Liangmo heard her voice and came out of the house. He was dressed for the street. “Here I am, Mother. I was about to go outside the city and see how the rice is growing. It’s time to measure the harvest.”
“Put off your going, my son,” she said. He held out his arm and she placed her hand on it for support and thus he led her to a garden seat under a pine tree that had been trained to curve over it like a canopy.
“I have come to ask that you go with your father to the teahouse. He is thinking of buying back the parcel of land that the Yang family have had these three generations. The present son is an opium smoker, as you know, and it is a good chance to secure that land again into our own holding. But you must go and see that not more than seventy dollars is offered. Your father talks eighty. But it can be had for seventy. People rob us because they think we are rich, and no one is rich enough to be robbed.”
“I will go, Mother, of course,” he said. She saw him hesitate and knew at once that he wished to ask about Ch’iuming. But she had made up her mind that she would not talk of the girl with any son. It was not well to allow one generation to discuss another.
“Where is Meng?” she asked. “I have not seen her since my birthday. I want to ask her — and you, too, my son — what do you think of Linyi for Fengmo’s wife?”

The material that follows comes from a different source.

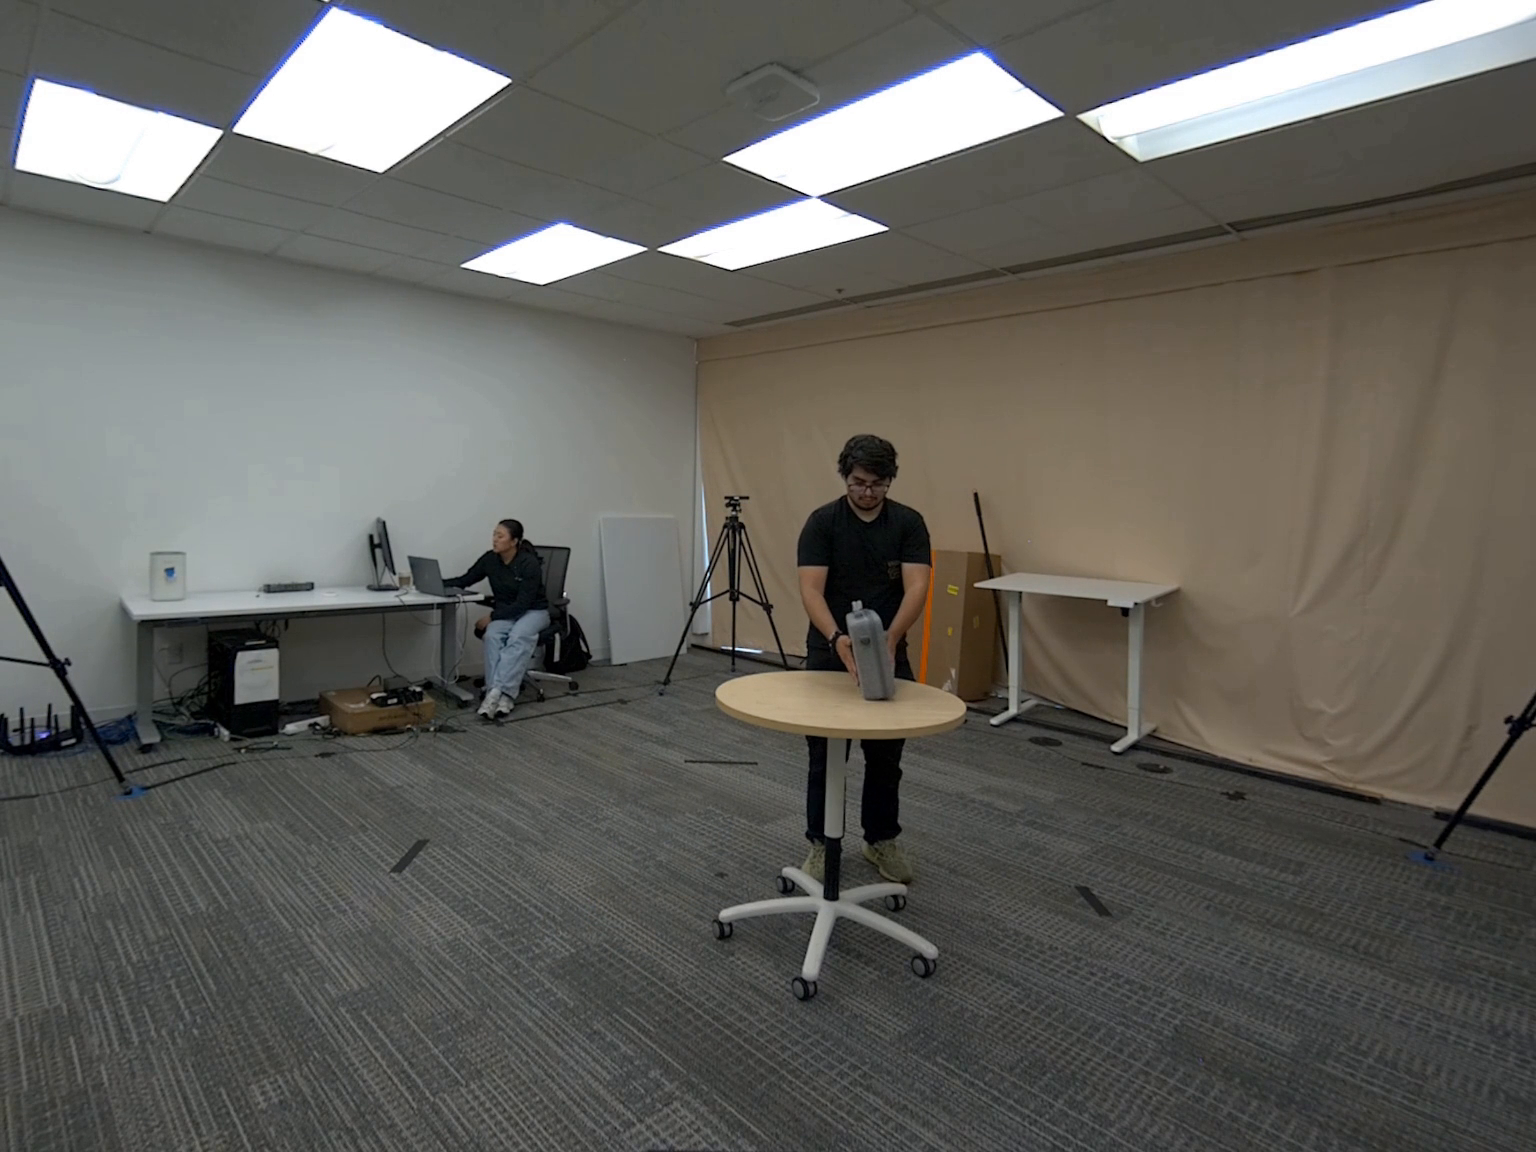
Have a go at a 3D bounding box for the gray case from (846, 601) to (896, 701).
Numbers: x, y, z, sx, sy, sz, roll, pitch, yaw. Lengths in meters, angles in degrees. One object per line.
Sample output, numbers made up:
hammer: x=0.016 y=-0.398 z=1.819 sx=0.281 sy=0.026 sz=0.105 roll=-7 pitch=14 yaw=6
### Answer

“Linyi?” Liangmo had not thought of it. “But will Fengmo let you decide for him?”
“If he will not, then I will let him decide for himself to marry Linyi,” Madame Wu said with her pretty soft laugh. “I never compel anyone to anything.”
At this moment Meng came out of the house. Her chief fault was that she was sleepy in the morning and slatternly for an hour or two after she rose. This morning when she heard Madame Wu she had been sitting in her night garments with her hair uncombed. She had hastened into the inner room and made herself decent. Now she came out looking like a rose, neither bud nor full blown. Her new pregnancy made her soft and mild with lassitude. Her great eyes were liquid, and her lips were parted. In her ears she had put the pearls that Madame Wu had given her.